Different methods are used to identify areas contributing disproportionately high amount of pollutants (i.e., critical source areas, CSAs) to streams within a watershed. One approach is to monitor pollutant load to prioritize CSAs. However, measuring pollutant loading from individual fields in a watershed is expensive, labor intensive and impractical (Giri et al., 2012). These experiments also require several years to account for climate fluctuations (Veith et al., 2005). Tools such as the P Index can be used on single or multiple fields within a watershed to prioritize fields for BMP implementation. Conservation planners can also identify CSAs via qualitative evaluation based on their professional judgment (White et al., 2009). However, these methods also face limitation when employed at the watershed scale where the data requirements are extensive. Off-site movement of sediment and P is controlled by both source and transport factors. Therefore, approaches which can capture the hydrologic complexities within a watershed drainage system and incorporate important variables influencing sediment and P transport are needed for effective delineation of CSAs.
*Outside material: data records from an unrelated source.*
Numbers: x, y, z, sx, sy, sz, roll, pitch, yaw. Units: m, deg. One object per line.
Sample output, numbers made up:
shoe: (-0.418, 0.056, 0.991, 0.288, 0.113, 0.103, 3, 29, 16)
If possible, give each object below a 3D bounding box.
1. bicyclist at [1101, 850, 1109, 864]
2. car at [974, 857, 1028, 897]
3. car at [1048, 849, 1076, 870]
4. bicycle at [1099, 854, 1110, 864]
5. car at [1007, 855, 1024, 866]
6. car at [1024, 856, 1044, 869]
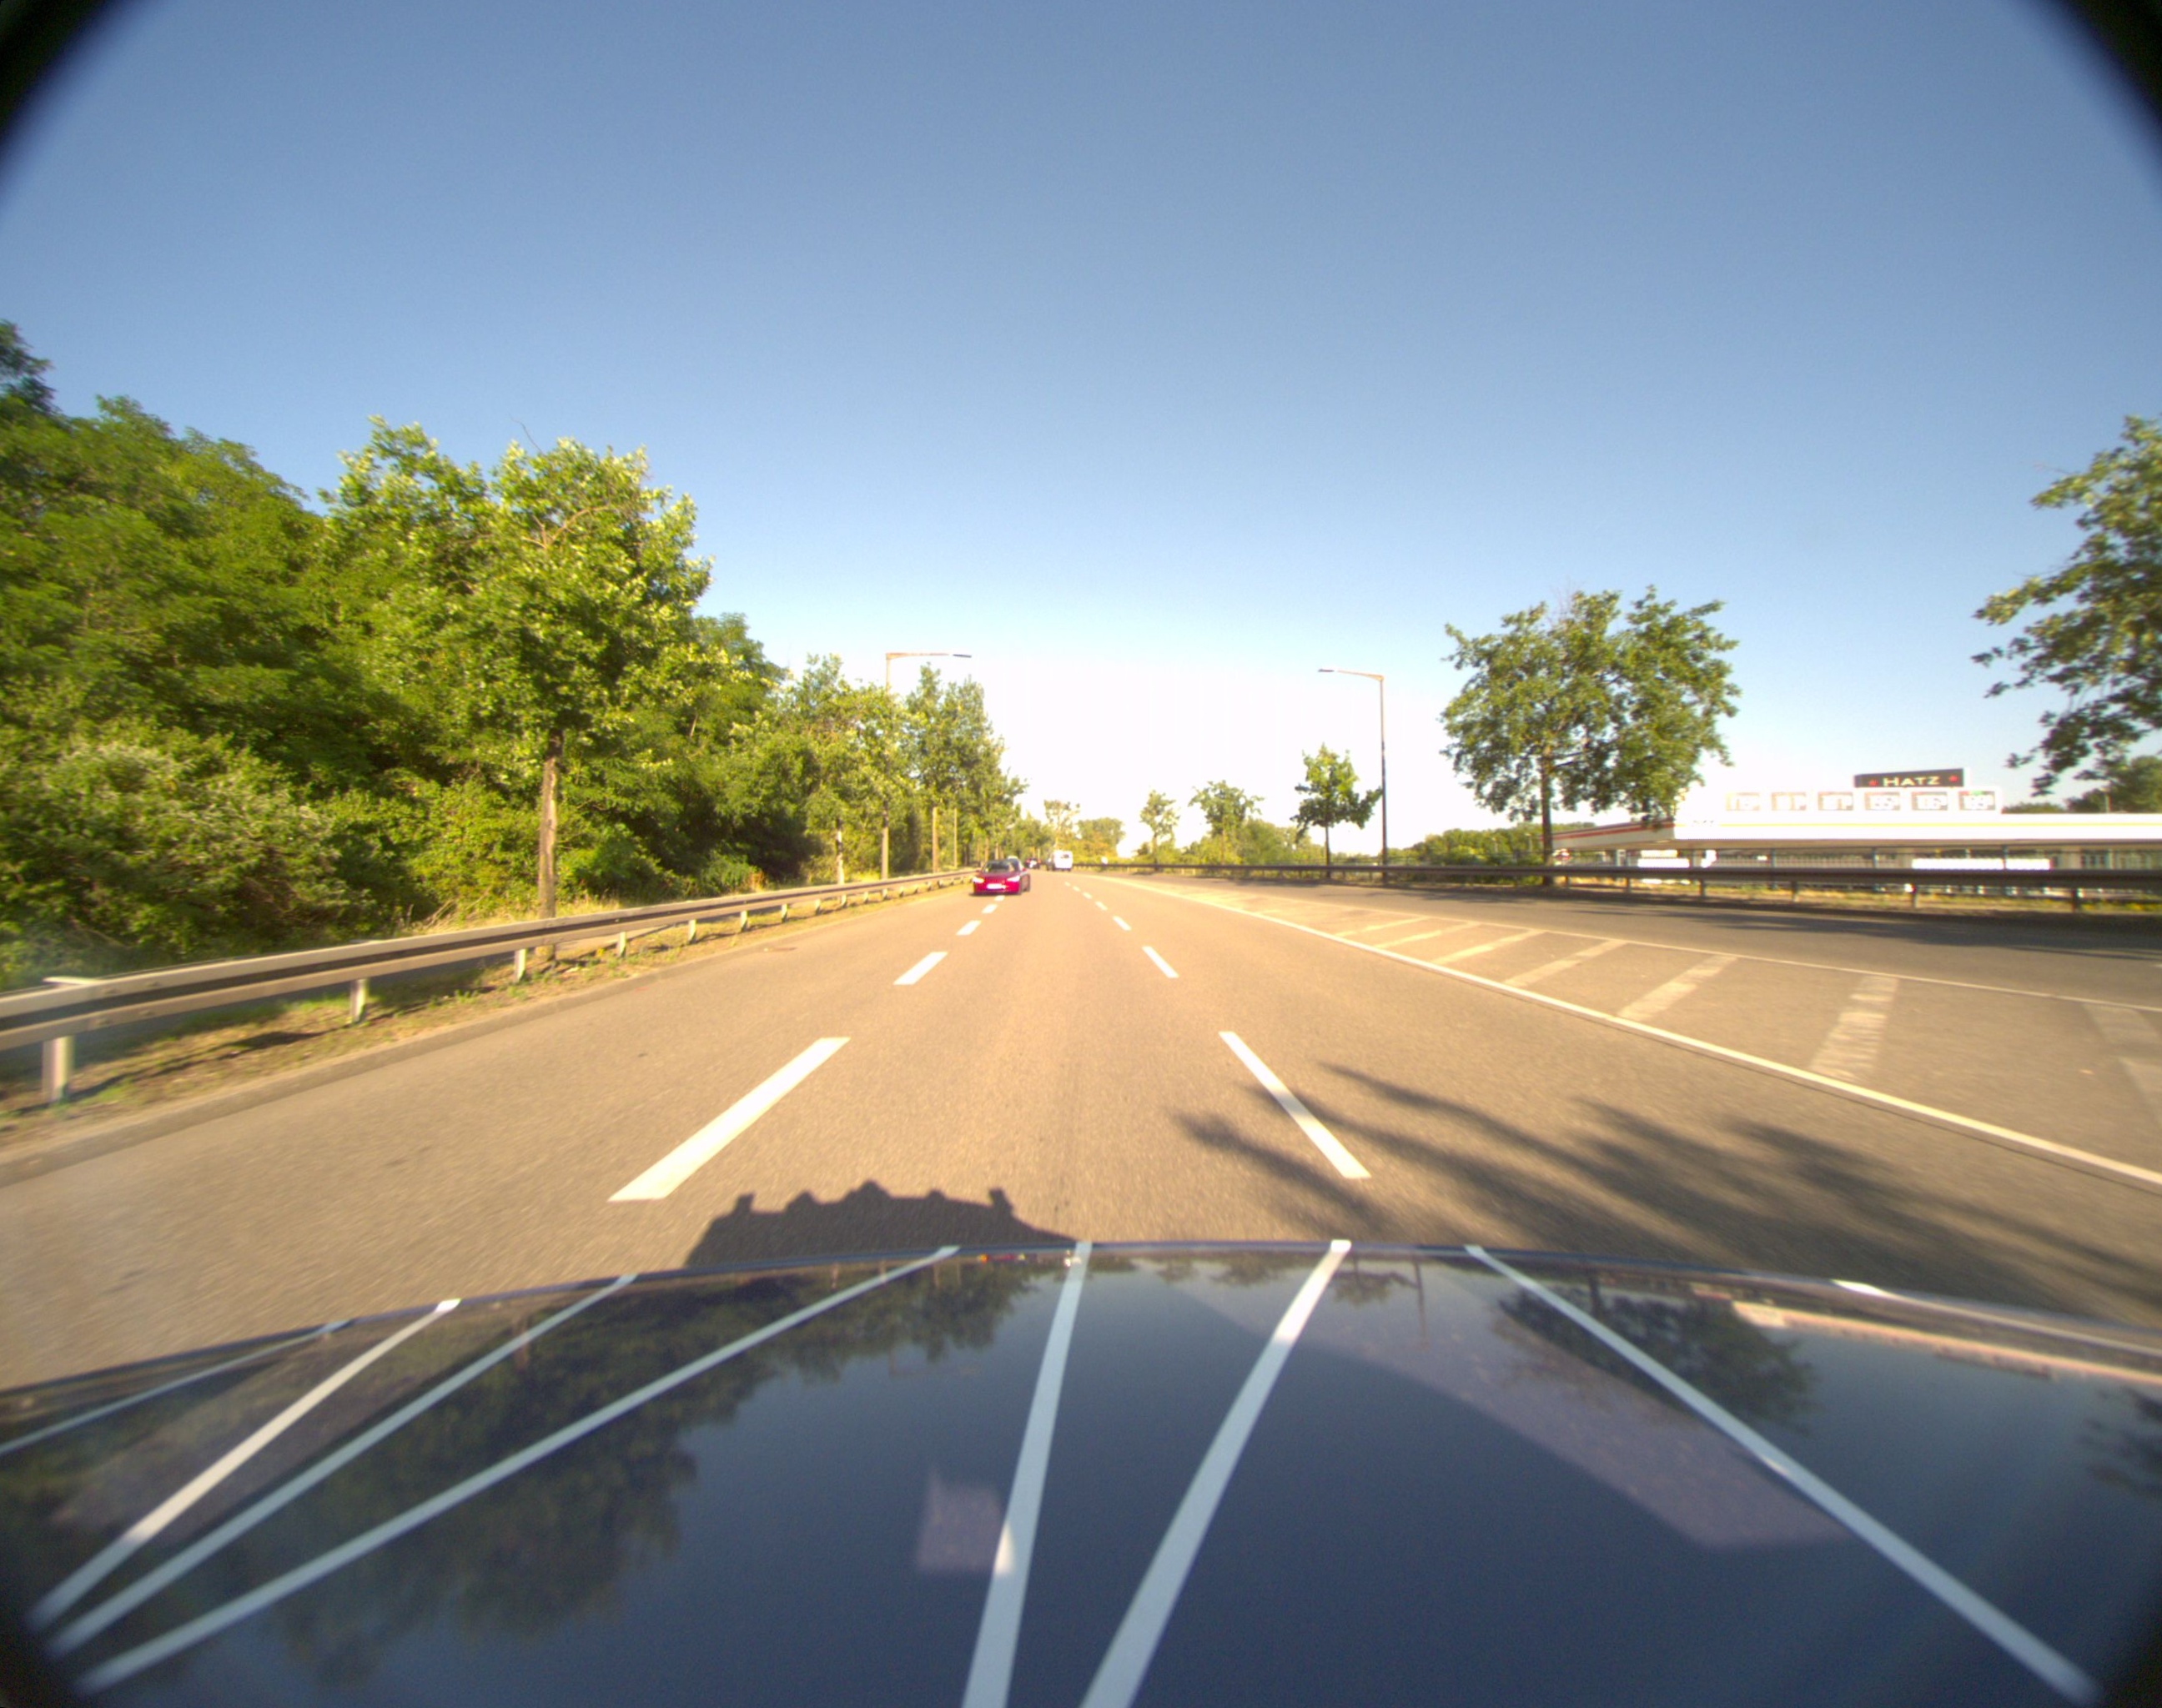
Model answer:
bicyclist: (2.574, 0.339, 80.719, 0.601, 1.450, 0.827, 2, 1, -12)
car: (-3.183, 0.890, 30.930, 1.782, 1.434, 4.359, -1, 0, -1)
car: (-1.977, 0.480, 76.638, 1.884, 2.002, 5.254, -2, 1, -11)
bicycle: (2.500, 0.505, 81.041, 0.584, 1.070, 2.310, 2, 0, -12)
car: (-9.693, 0.946, 111.695, 1.835, 1.580, 4.642, 0, 0, -13)
car: (-5.774, 1.009, 92.743, 1.779, 1.457, 4.378, -1, 0, -14)

Process-based models, such as Soil and Watershed Assessment Tool (SWAT), can simulate complex processes involved in water, sediment and P movement (Ghebremichael et al., 2010; Gitau et al., 2008) and, therefore, are often used to identify CSAs for BMP implementation at a watershed scale (e.g., Nirula et al., 2013; Shang et al., 2012; Srinavasan et al., 2005; Tripathi et al., 2005; White et al., 2009). SWAT has proven to be an effective tool to identify CSAs, since it incorporates land cover, topography, soil characteristics, rainfall and land-use management, which influence sediment and P transport from source areas to the watershed outlet (White et al., 2009). The SWAT model has been often used to evaluate the impact of BMPs to obtain intended water quality benefits (Arabi et al., 2008; Ulrich and Volk, 2009). For example, Mankin et al. (2013) used SWAT to simulate the effect of different tillage practices on sediment loss in the Black Kettle Creek watershed in south central Kansas. Similarly, Kirsch et al. (2002) used SWAT to assess the impact of tillage and nutrient management on sediment and P losses in the Rock River watershed in south-central and eastern Wisconsin. Previous studies indicate that SWAT can be successfully used to identify CSAs and simulate the impact of BMPs on reduction in sediment and TP load.
Project objectives:
(1) Identify CSAs for sediment and TP at the subwatershed level; (2) Evaluate the impact of cropland conversion to conservation reserve program (CRP) grasslands and effect of implementing no-till practices on sediment and TP loads at the subwatershed and watershed scale.